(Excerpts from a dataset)
════════════════

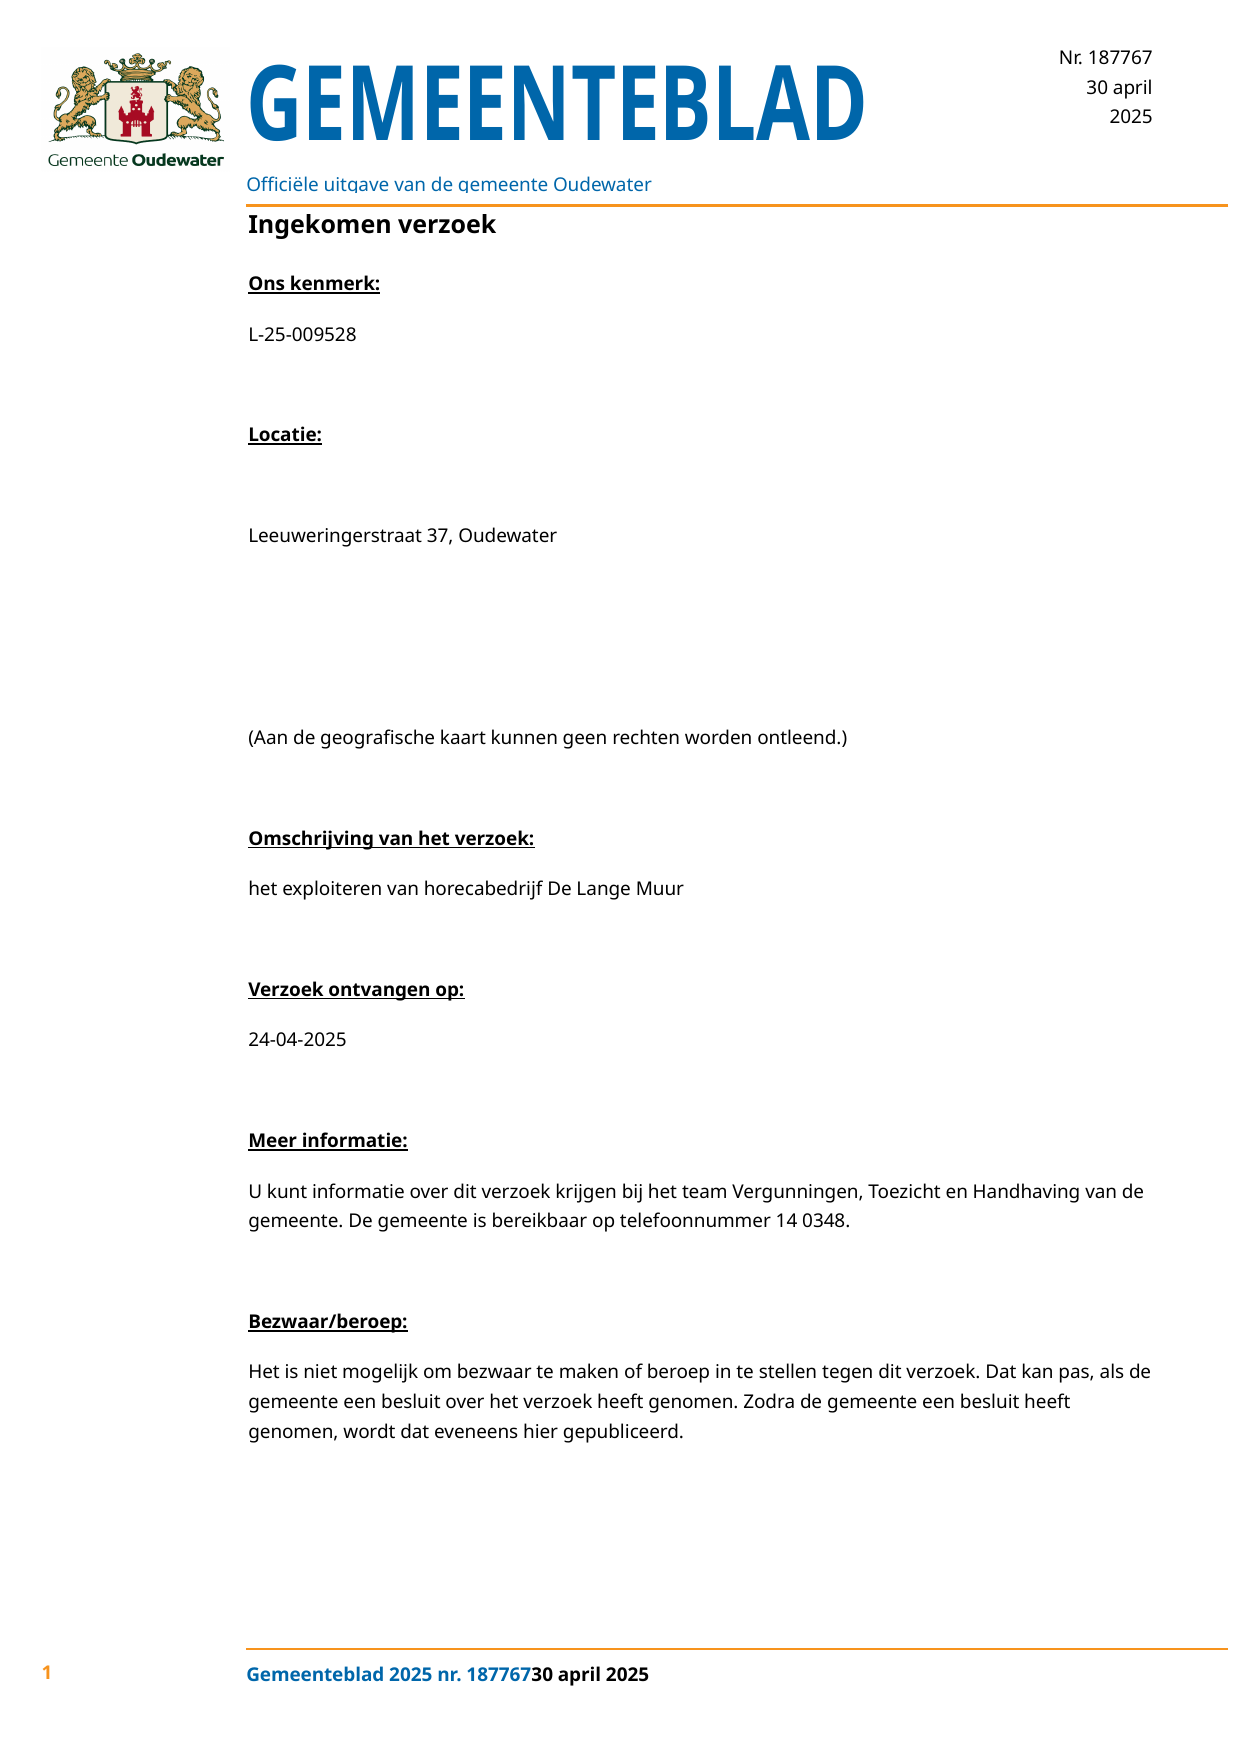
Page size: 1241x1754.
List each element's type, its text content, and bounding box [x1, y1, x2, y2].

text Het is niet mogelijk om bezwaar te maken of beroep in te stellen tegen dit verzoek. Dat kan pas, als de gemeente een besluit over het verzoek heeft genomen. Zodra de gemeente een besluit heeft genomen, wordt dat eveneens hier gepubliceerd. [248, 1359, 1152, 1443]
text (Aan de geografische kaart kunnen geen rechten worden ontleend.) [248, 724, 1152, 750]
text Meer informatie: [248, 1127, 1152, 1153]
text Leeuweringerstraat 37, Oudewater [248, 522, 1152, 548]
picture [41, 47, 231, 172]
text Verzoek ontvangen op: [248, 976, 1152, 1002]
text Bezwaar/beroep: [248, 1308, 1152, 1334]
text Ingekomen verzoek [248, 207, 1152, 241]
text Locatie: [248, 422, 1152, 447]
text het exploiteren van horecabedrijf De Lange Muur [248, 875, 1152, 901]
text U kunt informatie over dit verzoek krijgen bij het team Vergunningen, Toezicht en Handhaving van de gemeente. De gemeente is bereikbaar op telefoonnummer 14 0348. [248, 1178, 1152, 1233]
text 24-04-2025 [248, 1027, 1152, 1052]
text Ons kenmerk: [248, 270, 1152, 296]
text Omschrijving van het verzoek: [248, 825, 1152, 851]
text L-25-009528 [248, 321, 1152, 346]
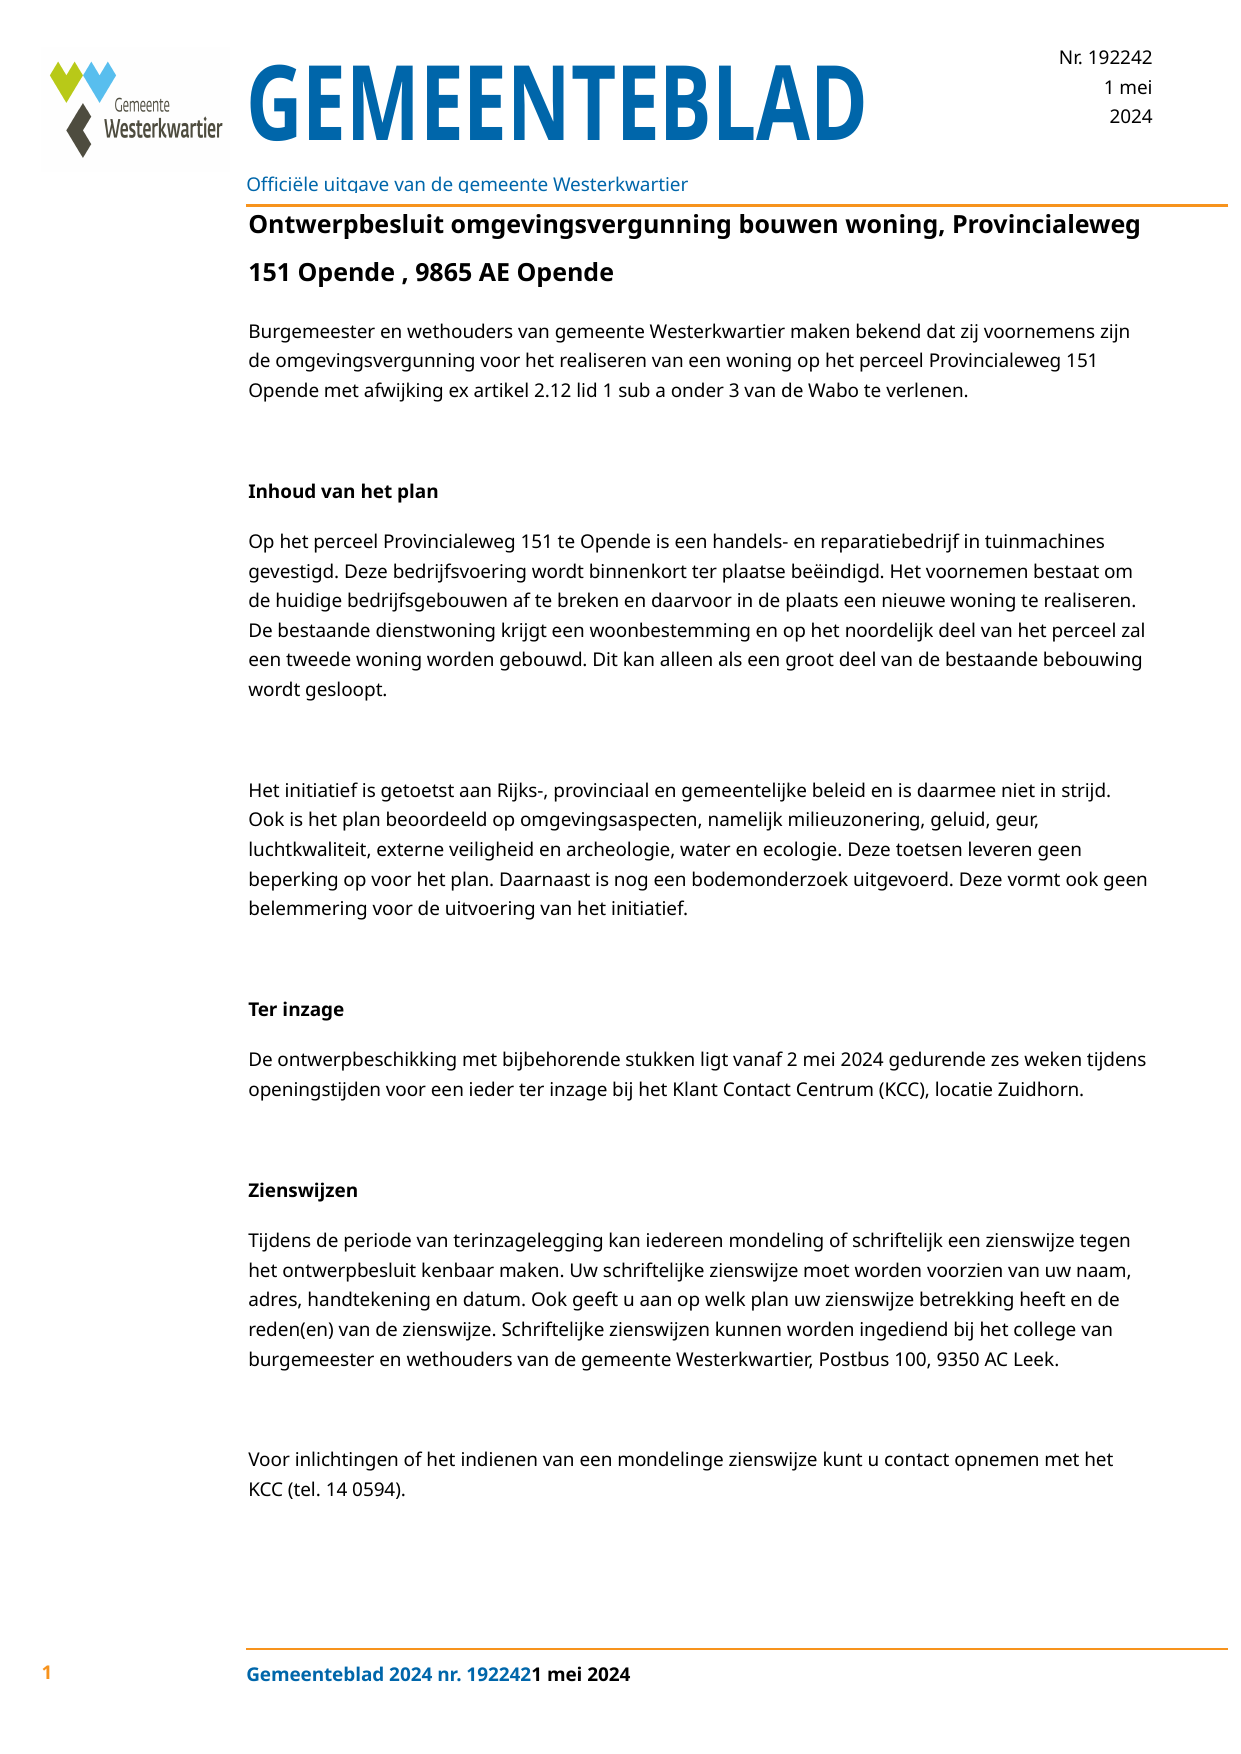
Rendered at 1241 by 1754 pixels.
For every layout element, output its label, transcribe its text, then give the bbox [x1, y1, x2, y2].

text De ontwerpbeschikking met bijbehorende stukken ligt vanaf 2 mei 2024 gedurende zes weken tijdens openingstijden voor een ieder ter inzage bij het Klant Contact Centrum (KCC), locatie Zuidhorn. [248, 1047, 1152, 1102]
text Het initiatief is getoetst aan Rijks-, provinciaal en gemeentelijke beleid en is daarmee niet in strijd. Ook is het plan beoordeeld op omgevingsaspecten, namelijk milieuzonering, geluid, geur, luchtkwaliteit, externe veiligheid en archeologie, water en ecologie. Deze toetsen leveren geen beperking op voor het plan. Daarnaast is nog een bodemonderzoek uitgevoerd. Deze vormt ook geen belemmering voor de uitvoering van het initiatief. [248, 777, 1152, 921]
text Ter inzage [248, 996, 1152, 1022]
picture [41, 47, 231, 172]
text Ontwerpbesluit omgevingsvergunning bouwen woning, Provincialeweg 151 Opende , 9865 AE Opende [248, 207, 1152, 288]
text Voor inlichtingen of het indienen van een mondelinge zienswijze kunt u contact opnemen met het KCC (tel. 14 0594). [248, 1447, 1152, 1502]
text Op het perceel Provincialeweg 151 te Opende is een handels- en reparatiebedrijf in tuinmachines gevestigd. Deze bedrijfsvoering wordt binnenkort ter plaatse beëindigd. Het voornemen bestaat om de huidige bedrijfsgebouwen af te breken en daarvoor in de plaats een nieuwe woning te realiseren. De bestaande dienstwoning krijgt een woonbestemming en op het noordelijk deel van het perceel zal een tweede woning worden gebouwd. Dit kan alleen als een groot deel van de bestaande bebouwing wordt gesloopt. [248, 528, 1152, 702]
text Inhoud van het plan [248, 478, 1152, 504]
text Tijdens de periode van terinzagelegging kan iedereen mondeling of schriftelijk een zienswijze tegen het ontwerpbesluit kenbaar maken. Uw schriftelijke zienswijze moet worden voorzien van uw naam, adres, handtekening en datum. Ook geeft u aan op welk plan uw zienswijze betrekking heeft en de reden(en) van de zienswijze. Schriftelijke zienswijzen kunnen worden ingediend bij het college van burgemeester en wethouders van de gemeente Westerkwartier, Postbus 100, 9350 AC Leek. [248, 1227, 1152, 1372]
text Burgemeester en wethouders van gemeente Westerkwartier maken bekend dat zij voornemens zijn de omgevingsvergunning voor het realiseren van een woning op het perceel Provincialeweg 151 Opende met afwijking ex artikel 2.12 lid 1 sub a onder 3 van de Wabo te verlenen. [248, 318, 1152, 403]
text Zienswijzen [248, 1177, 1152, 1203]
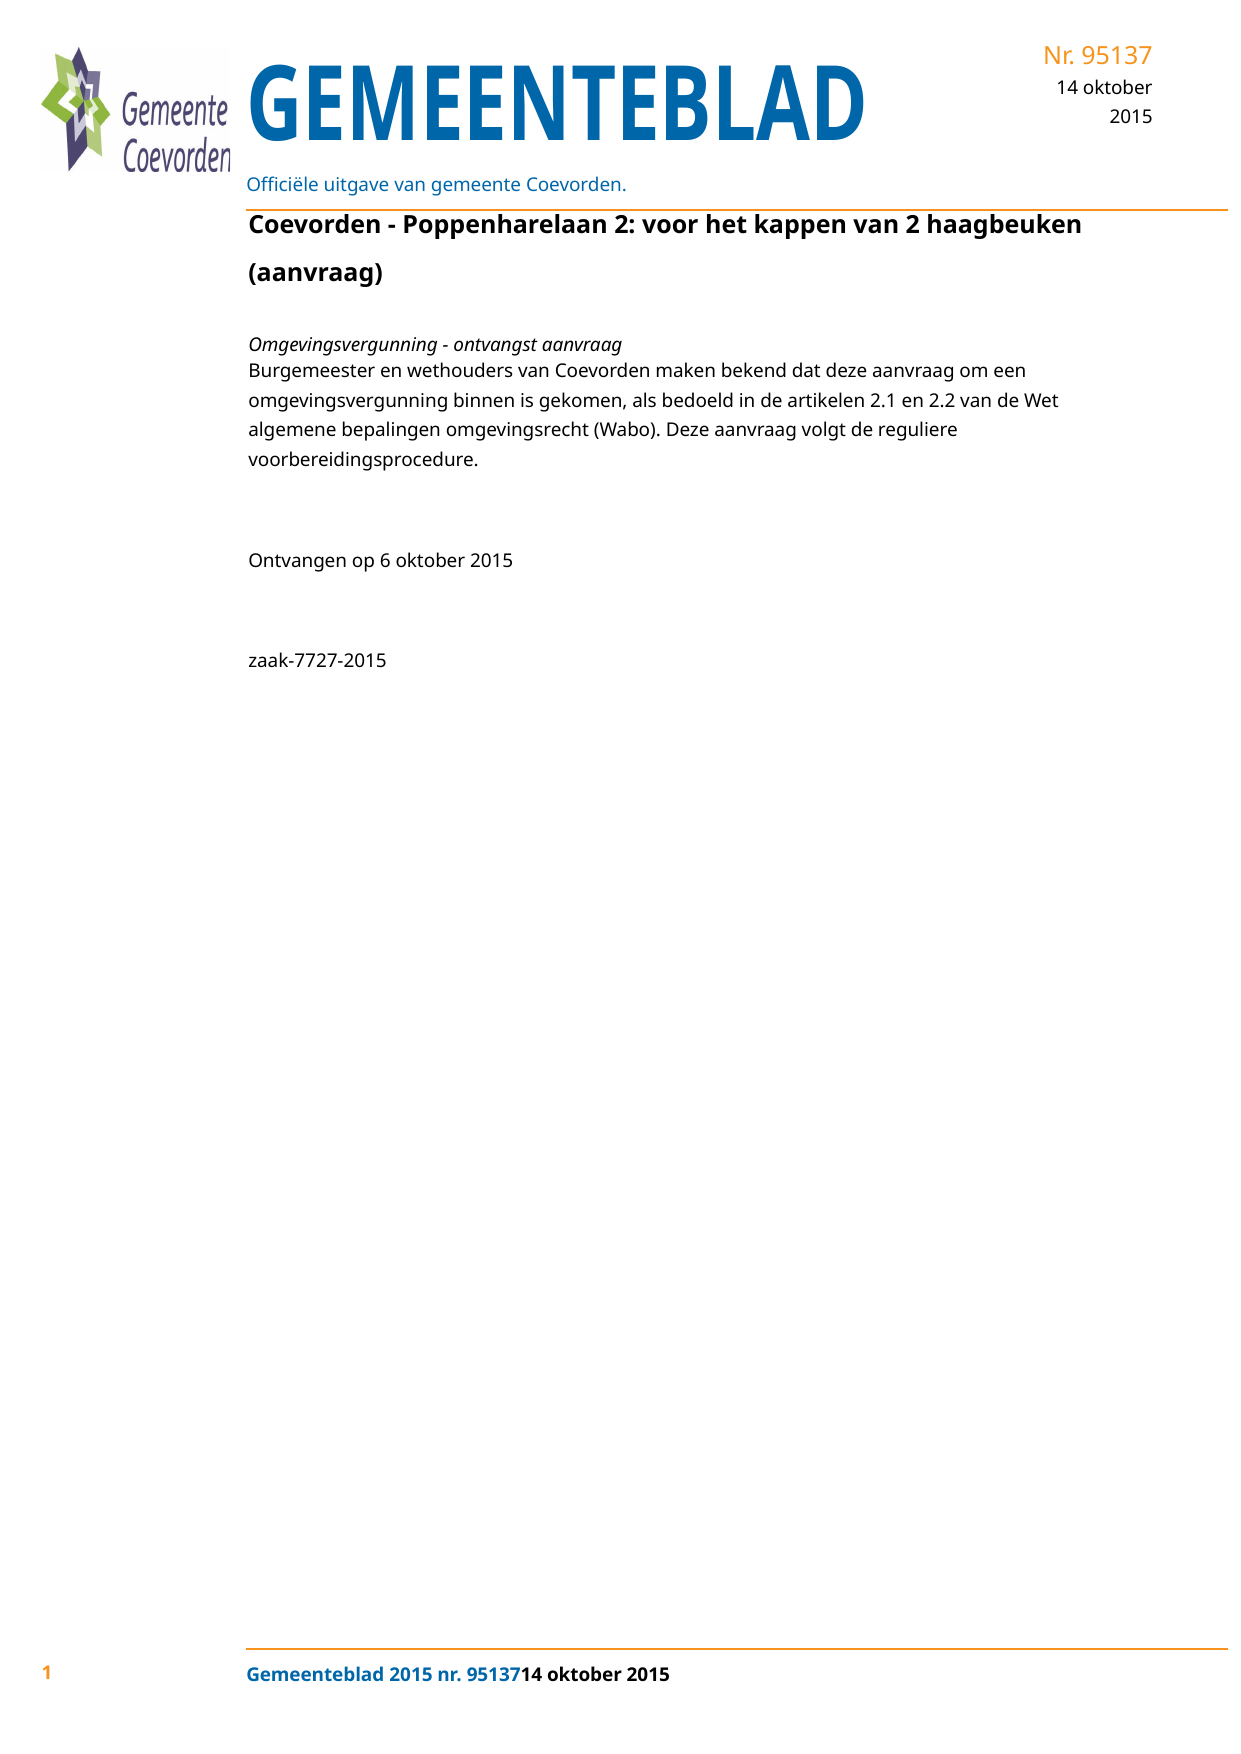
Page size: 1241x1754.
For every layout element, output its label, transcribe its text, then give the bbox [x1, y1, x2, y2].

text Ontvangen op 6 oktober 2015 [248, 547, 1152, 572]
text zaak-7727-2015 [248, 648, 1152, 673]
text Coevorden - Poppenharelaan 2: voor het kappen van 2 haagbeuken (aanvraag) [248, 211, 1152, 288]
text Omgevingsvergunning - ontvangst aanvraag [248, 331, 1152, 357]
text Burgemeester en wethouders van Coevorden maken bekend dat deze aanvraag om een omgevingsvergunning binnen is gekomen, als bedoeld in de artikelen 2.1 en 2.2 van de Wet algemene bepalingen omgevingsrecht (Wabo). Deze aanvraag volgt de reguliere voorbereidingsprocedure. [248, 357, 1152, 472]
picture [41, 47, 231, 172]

════════════════

● Directions
Only exact lines belong in the answer: those from the beginning of the entries above through the line holding "text (Aan de", with no pictures.

● Written response
Page size: 1241x1754.
List each element's type, its text content, and bounding box [x1, y1, x2, y2].

text Het is niet mogelijk om bezwaar te maken of beroep in te stellen tegen dit verzoek. Dat kan pas, als de gemeente een besluit over het verzoek heeft genomen. Zodra de gemeente een besluit heeft genomen, wordt dat eveneens hier gepubliceerd. [248, 1359, 1152, 1443]
text (Aan de geografische kaart kunnen geen rechten worden ontleend.) [248, 724, 1152, 750]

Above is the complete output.